3. The personnel assessment method based on intelligent defect detection according to claim 1, characterized in that, It further includes: Selecting defect pictures from a target question bank selected by the user or a randomly selected target question bank and generating an exam or training page; Obtaining defect annotation information of the user on the defect pictures on the exam or training page; Comparing the defect annotation information with the defect information corresponding to the defect pictures, and determining whether the annotation of the defect pictures by the user is accurate according to the comparison result.

4. The personnel assessment method based on intelligent defect detection according to claim 3, wherein It further includes: Obtaining the defect pictures with inaccurate annotations by the user on the defect pictures in the exam or training page as wrong questions, and storing the wrong questions in a wrong question bank.

5. The personnel assessment method based on intelligent defect detection according to claim 4, characterized in that, After obtaining the defect pictures with inaccurate annotations by the user on the defect pictures in the exam or training page as wrong questions, it further includes: Analyzing the types of the user's wrong questions, selecting defect pictures from the target question bank according to the analysis results, and adding the selected defect pictures to the user's wrong question set.

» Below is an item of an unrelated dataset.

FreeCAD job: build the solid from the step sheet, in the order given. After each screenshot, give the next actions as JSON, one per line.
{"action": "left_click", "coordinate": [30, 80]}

6. The personnel assessment method based on intelligent defect detection according to claim 3, wherein After obtaining the defect pictures with inaccurate annotations by the user on the defect pictures in the exam or training page as wrong questions, it further includes: Analyzing the types of the user's wrong questions, and constructing a knowledge graph of the user according to the analysis results; Generating a training page by selecting defect pictures from the target question bank according to the user's knowledge graph.

7. The personnel assessment method based on intelligent defect detection according to claim 3, characterized in that After obtaining the defect pictures with inaccurate annotations by the user on the defect pictures in the exam or training page as wrong questions, it further includes: Analyzing the types of the user's wrong questions, and generating a training page by selecting defect pictures from the target question bank according to the analysis results.

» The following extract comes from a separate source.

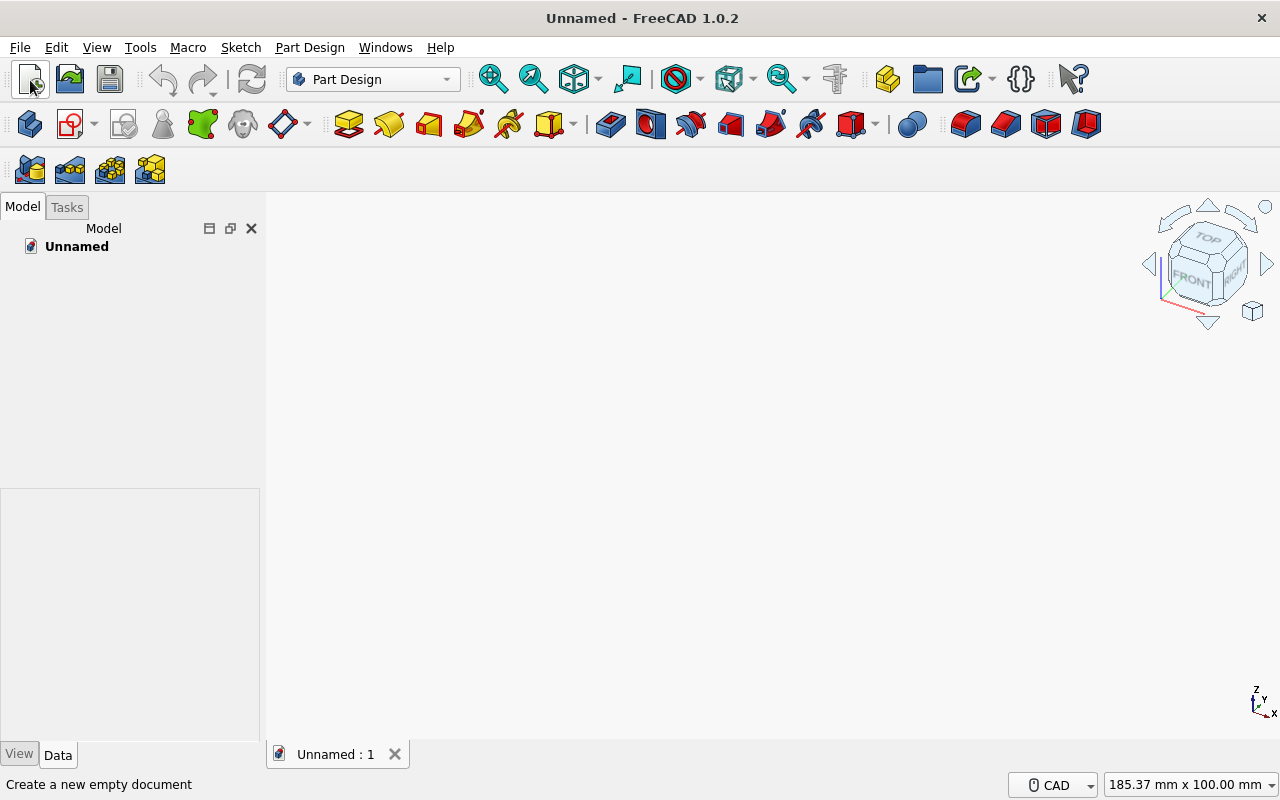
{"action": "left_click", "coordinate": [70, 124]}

8. A personnel assessment system based on intelligent defect detection, characterized in that, Including: An obtaining module for obtaining product pictures of products on the production line; An intelligent defect detection module, which is used to analyze the product picture, obtain the defect picture of the defective product in the product picture and the defect information corresponding to the defect picture according to the analysis result, and store the defect picture and the defect information corresponding to the defect picture into a defect library; A test question bank generation module, which is used to obtain the defect picture from the defect library and store the obtained defect picture into the test question bank.

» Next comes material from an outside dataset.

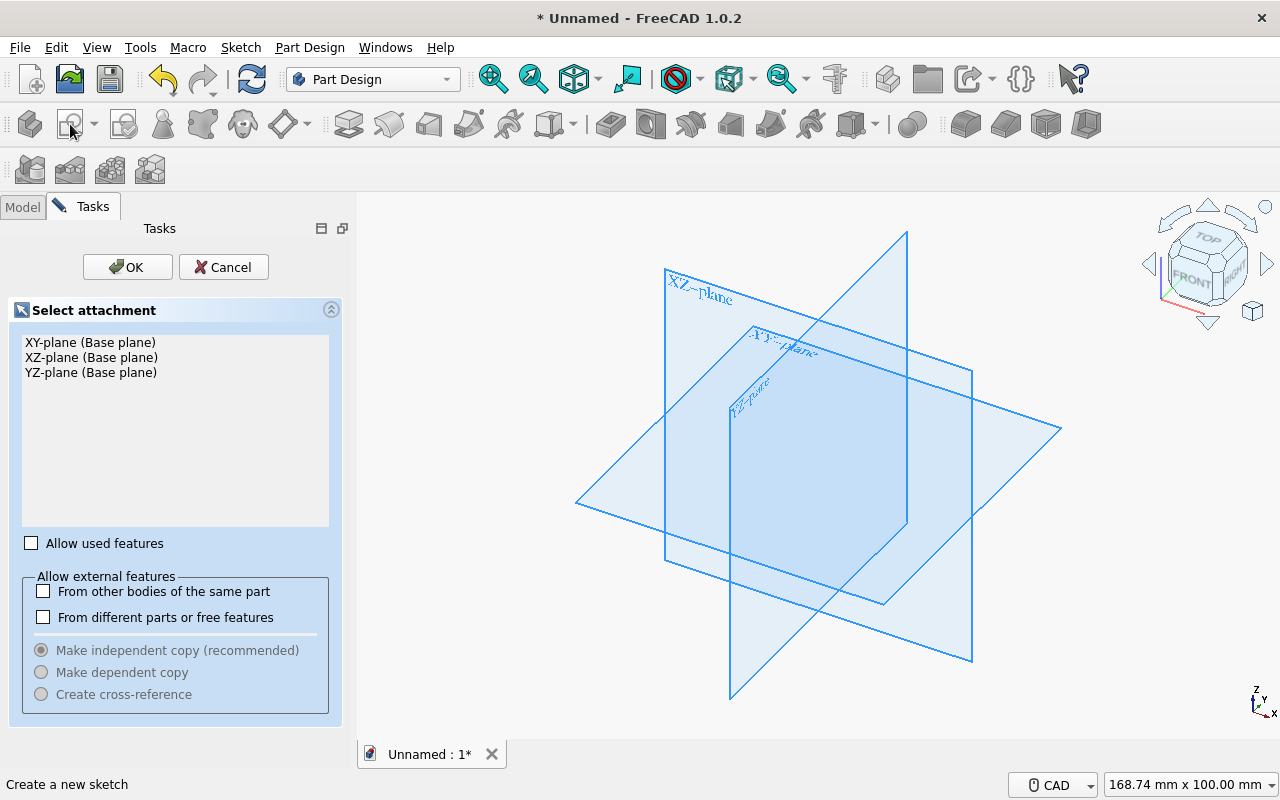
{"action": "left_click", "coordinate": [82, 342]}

9. An electronic device, characterized in that: It includes a processor, a memory, and a program or instruction stored on the memory and executable on the processor. When the program or instruction is executed by the processor, it implements the steps in the personnel assessment method based on intelligent defect detection according to any one of claims 1-7.

10. A readable storage medium, characterized in that: A program or instruction is stored on the readable storage medium. When the program or instruction is executed by the processor, it implements the steps in the personnel assessment method based on intelligent defect detection according to any one of claims 1-7.